The new field of historic genomics has made an estimation of the age of the mutation responsible for the HFE gene possible. It appears to have originated in a Celtic or Viking ancestor some two to four thousand years ago and it has since spread via migration through the rest of Europe and Scandinavia.
The switch from a meat and gatherer mode of living to a grains and cereal diet enabled by living off the land is a convincing basis for the initial appearance of the HFE gene. Its higher concentration among the Celts occupying Scotland, Wales, Ireland and Brittany is attributed to the Roman and/or Viking invasions of these regions. The relative isolation of island-based people may have impeded the diffusion of the gene that a larger canvas of Europe would have allowed. This would explain its prominence among the Celts in general but some additional factor(s) must have contributed to the highest frequency of the gene among the Irish Celts in Ireland, America and Australia.

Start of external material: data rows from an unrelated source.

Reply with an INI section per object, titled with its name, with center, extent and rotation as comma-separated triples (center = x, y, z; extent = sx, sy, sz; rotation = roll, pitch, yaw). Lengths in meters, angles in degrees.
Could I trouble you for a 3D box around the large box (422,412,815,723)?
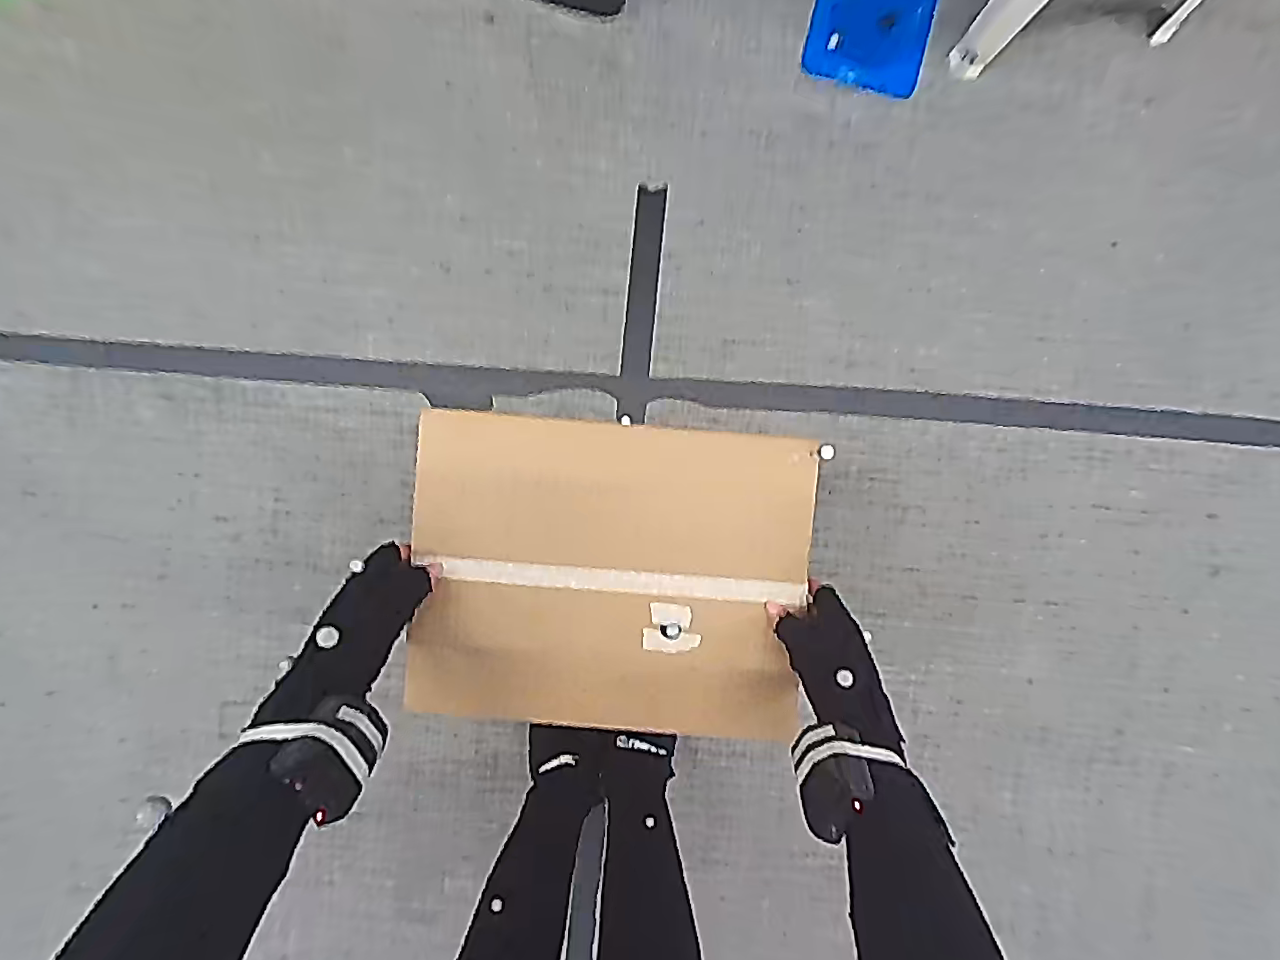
[large box]
center = -0.027, 0.090, 0.713
extent = 0.408, 0.320, 0.320
rotation = 4, 93, -1
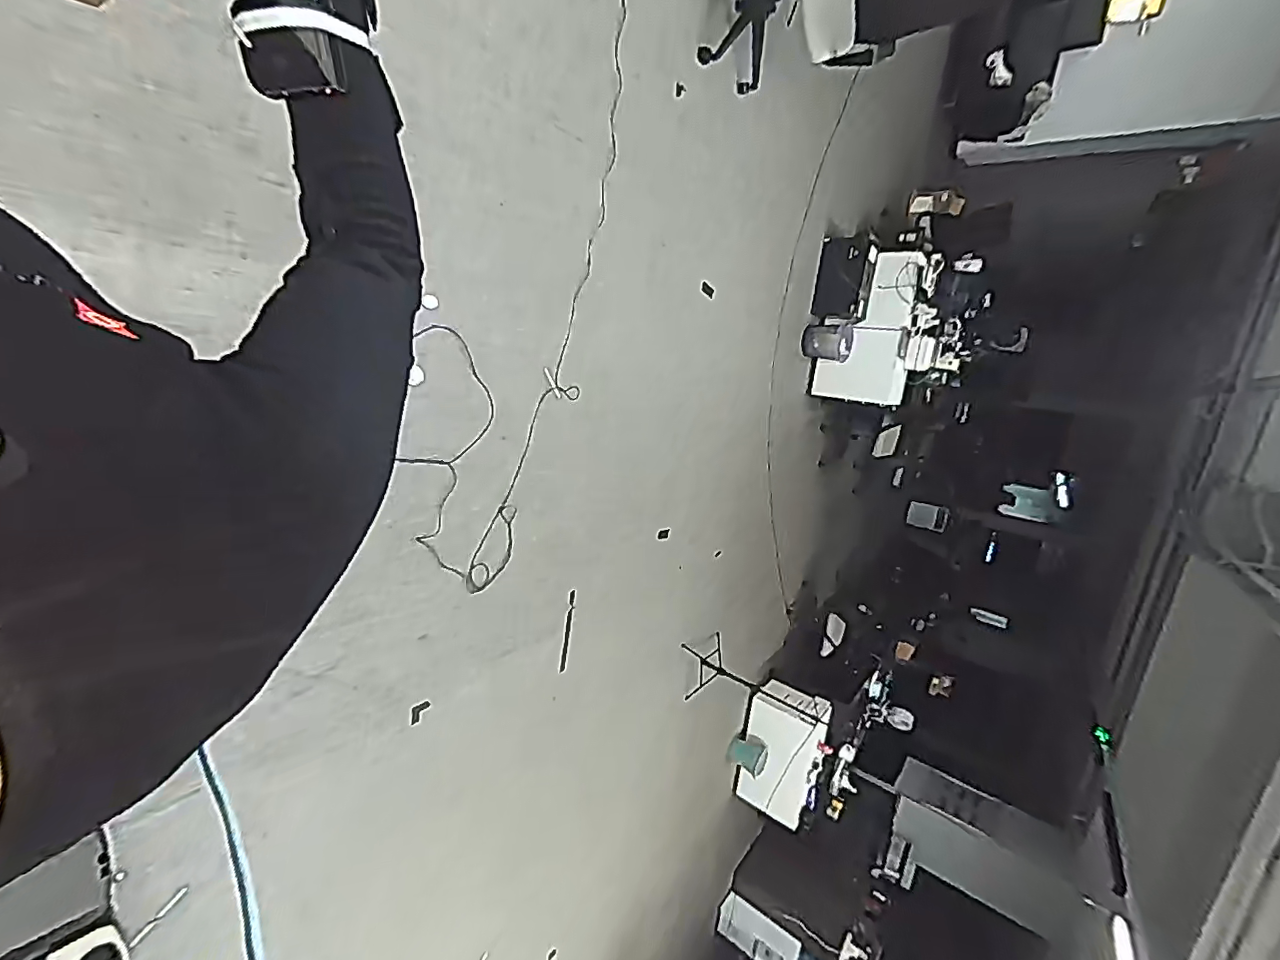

A screening study of newborns in a Dublin hospital identified heterozygosity for the gene in one-third of the babies. Another study of workers in the Polaroid Company in Boston found the gene mainly in Irish Celts. The question needs to be asked regarding the disproportionate frequency of the HFE gene among the Irish and if it provided a selective advantage during the Great Famine.
The dietary history of Ireland was quite different from other European nations and other Celtic societies, with its ultimately self-destructive reliance upon the potato as almost the sole source of nutrition in the 17th and 18th centuries
Levels of an essential factor in iron delivery are reduced in malnourished individuals. A further contribution to a negative iron balance among the Irish was their heavy consumption of tea. Tea contains tannins that complex with iron in the gut and inhibit its absorption.
Individuals possessing the gene for hemochromatosis would have been advantaged in the face of limited dietary iron availability and delivery. Those without the gene would have died in disproportionately large numbers since iron is one of the most critical elements within the body.
The Great Famine with its life-destroying absence of adequate nutrition magnified the importance of possession of the HFE gene for hemochromatosis. The mutation that can fatally exaggerate iron accumulation in the homozygote state may have made the critical difference of positive iron balance in the heterozygote during the famine. A concentration of individuals with the gene would occur among the survivors.
Many of these survivors emigrated to America and Australia, transporting the strain of hemochromatosis to these countries.
Ironically, the gene can now be used to document the wanderings throughout the world of the Irish people, many of whom carry in their genome the testimony to their ancestors’ iron advantage.
Screening of the descendants of those Famine immigrants would identify the HFE gene and prevent organ dysfunction by early detection, and thus prevent tragedy from befalling later generations of the Celts.
Infection was the major cause of death, with typhus and cholera the most common infections in a population made very vulnerable by Vitamin A deficiency, the vitamin responsible for important natural defenses against infection.(Early on, farmers were forced to sell their cows creating even greater nutritional deficiencies; milk contains both Vitamin A and D, the vitamins not contained in potatoes.)
Xerophthalmia, an ulceration of the eye caused by Vitamin A deficiency, was increasingly recognized during the famine years. Scurvy also contributed to the death toll, with victims covered with bruises and bleeding lesions that are caused by Vitamin C deficiency; the potato famine deprived the Irish of a rich source of Vitamin C and a defense against the development of this bleeding disorder. Diarrheal disorders likely had infection as their cause, but a deficiency of niacin and riboflavin led to pellagra with its triad of diarrhea, dementia and dermatitis.